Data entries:
··········
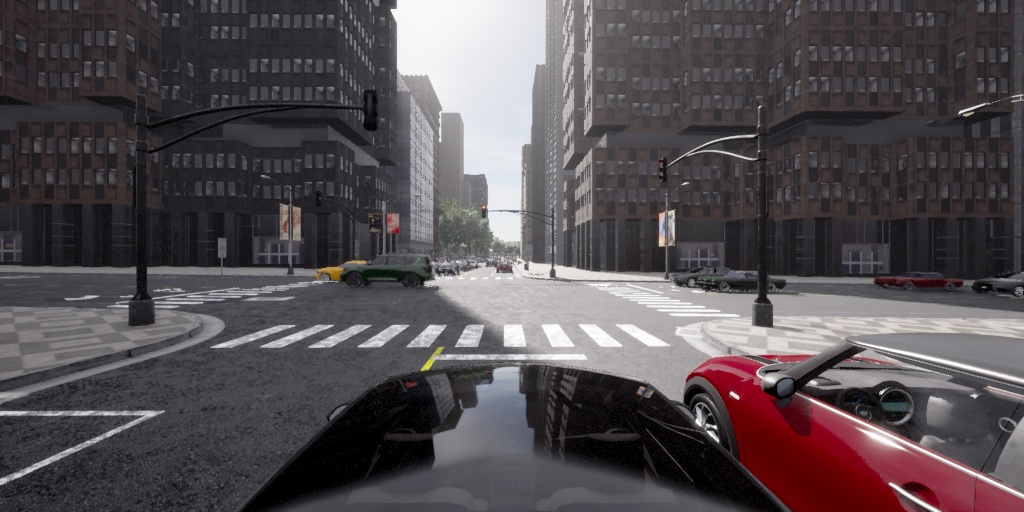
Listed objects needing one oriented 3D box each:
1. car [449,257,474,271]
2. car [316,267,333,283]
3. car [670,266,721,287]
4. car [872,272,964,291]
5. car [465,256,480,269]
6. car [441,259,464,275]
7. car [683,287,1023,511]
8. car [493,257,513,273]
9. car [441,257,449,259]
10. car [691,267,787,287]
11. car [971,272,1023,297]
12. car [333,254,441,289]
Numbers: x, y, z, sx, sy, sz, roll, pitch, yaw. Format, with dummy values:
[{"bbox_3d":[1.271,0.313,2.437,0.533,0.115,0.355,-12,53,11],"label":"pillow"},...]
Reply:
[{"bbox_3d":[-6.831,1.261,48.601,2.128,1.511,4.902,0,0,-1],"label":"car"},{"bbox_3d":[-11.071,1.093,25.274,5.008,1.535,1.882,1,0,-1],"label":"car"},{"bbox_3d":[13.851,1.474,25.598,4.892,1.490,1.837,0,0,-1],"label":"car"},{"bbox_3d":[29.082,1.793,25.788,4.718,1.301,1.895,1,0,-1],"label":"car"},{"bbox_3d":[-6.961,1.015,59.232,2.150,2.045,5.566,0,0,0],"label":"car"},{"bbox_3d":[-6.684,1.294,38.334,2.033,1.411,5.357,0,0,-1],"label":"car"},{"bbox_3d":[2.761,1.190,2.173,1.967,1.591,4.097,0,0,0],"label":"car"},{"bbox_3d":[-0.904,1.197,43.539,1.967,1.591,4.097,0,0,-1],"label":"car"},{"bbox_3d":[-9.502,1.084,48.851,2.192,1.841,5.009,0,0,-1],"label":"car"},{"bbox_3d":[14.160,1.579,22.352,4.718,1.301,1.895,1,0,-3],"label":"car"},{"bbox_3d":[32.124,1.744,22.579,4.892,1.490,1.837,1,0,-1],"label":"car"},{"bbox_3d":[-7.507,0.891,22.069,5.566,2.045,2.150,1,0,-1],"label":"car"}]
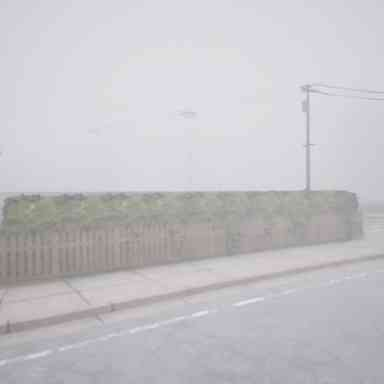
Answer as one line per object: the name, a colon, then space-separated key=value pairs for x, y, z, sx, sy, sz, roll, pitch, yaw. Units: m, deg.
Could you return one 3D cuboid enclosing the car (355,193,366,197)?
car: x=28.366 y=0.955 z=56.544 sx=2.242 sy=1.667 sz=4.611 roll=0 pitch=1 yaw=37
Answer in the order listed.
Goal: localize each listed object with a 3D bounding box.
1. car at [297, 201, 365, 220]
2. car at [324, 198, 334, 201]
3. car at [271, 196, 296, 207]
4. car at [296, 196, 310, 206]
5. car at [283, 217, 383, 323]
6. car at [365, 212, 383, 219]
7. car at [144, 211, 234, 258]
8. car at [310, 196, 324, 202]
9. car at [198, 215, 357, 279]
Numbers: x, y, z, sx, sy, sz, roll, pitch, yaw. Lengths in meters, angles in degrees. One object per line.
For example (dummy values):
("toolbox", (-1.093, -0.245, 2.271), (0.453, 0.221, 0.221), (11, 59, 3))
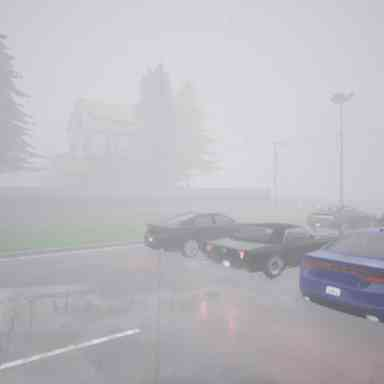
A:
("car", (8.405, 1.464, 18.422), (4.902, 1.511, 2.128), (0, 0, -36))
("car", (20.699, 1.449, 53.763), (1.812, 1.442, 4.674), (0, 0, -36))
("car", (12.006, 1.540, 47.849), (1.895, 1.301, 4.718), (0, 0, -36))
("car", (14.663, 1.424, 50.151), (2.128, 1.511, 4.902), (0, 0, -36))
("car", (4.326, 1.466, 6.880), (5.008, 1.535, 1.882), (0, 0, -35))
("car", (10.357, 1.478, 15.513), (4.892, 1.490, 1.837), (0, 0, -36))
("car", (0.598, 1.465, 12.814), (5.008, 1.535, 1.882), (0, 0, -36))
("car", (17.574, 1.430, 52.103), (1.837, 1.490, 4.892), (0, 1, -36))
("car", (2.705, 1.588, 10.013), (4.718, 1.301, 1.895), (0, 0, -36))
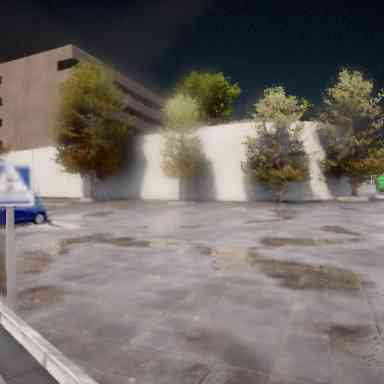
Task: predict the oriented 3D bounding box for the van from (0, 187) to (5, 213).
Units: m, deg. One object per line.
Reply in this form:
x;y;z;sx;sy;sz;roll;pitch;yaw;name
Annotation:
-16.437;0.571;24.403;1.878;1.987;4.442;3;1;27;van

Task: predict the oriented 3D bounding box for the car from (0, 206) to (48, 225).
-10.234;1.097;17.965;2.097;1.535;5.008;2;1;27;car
··········
Please give a word-for-word repetition of the lines from the one containing "x;y;z;sx;sy;sz;roll;pitch;yaw;name" through the last line of the data above, including both, and nothing besides.

> _Answer area_
x;y;z;sx;sy;sz;roll;pitch;yaw;name
Annotation:
-16.437;0.571;24.403;1.878;1.987;4.442;3;1;27;van

Task: predict the oriented 3D bounding box for the car from (0, 206) to (48, 225).
-10.234;1.097;17.965;2.097;1.535;5.008;2;1;27;car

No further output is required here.